§ **What you have to do**
Beneath this line is the data. Output exactly the lines from the line with "Using this photo, could" to the line with "2) laptop (130,217,607,622)", both ends included, and nothing more.

§ **Source data**
┌──

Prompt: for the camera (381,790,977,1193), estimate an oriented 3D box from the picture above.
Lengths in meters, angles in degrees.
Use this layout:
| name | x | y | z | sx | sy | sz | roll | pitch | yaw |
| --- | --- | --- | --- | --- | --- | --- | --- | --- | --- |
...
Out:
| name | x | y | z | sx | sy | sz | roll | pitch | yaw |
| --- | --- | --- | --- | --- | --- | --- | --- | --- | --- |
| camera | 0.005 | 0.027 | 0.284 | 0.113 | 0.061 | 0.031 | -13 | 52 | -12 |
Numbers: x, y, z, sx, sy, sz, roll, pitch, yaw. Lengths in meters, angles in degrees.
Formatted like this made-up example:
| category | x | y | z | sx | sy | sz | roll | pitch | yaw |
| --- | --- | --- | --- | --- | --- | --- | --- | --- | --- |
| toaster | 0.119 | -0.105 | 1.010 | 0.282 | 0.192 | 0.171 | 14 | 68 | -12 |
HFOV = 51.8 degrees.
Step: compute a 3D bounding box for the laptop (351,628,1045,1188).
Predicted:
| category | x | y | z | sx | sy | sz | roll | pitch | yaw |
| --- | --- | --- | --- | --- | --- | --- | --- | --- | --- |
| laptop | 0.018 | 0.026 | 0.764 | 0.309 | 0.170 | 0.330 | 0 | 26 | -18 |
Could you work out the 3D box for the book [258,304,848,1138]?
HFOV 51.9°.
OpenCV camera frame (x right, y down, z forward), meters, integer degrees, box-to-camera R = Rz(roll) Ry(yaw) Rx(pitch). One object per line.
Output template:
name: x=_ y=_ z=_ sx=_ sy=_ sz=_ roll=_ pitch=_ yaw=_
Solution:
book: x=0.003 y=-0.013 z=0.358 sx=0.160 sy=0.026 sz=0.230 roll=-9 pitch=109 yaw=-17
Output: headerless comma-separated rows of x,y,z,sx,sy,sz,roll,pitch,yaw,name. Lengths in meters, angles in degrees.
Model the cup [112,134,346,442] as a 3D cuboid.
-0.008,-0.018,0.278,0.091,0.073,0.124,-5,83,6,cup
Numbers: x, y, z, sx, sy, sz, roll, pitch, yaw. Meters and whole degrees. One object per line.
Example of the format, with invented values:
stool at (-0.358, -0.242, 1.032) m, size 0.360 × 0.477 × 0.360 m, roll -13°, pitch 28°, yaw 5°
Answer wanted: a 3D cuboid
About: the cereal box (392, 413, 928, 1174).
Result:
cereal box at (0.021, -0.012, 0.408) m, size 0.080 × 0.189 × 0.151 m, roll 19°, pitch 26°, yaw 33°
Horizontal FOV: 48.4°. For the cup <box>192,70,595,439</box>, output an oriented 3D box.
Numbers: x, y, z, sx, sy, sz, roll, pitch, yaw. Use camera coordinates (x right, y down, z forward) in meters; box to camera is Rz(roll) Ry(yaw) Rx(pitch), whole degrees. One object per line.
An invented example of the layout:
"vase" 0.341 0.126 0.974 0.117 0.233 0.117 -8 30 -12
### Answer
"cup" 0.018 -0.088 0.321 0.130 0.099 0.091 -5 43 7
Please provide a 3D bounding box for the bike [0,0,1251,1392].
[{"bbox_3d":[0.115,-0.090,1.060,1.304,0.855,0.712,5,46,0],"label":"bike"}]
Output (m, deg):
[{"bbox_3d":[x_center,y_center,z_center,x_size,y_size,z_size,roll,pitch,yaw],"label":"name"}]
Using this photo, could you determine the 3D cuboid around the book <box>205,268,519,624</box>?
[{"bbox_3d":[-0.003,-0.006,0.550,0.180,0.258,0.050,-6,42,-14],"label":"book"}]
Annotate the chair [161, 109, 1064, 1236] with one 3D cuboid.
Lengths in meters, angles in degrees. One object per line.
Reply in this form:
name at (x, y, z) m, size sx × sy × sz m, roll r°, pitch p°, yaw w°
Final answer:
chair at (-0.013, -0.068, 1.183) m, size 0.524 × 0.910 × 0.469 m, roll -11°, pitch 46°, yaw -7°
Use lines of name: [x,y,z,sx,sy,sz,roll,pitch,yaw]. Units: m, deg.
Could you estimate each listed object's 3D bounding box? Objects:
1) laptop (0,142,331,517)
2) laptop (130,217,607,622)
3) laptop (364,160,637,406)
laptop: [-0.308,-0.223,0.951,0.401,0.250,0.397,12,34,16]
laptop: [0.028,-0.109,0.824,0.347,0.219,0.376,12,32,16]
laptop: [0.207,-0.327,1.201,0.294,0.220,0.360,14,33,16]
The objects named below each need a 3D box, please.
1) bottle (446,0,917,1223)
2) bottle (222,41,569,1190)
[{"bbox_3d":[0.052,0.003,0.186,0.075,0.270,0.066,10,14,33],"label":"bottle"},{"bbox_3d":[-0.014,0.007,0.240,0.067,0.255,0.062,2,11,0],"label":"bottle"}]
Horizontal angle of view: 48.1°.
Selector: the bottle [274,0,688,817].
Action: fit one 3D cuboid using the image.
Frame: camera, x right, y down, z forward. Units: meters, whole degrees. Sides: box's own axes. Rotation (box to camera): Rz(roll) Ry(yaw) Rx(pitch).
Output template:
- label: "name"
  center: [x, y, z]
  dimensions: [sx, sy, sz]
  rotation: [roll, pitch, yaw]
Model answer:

└──

§ **Exercise output**
Using this photo, could you determine the 3D cuboid around the book <box>205,268,519,624</box>?
[{"bbox_3d":[-0.003,-0.006,0.550,0.180,0.258,0.050,-6,42,-14],"label":"book"}]
Annotate the chair [161, 109, 1064, 1236] with one 3D cuboid.
Lengths in meters, angles in degrees. One object per line.
Reply in this form:
name at (x, y, z) m, size sx × sy × sz m, roll r°, pitch p°, yaw w°
Final answer:
chair at (-0.013, -0.068, 1.183) m, size 0.524 × 0.910 × 0.469 m, roll -11°, pitch 46°, yaw -7°
Use lines of name: [x,y,z,sx,sy,sz,roll,pitch,yaw]. Units: m, deg.
Could you estimate each listed object's 3D bounding box? Objects:
1) laptop (0,142,331,517)
2) laptop (130,217,607,622)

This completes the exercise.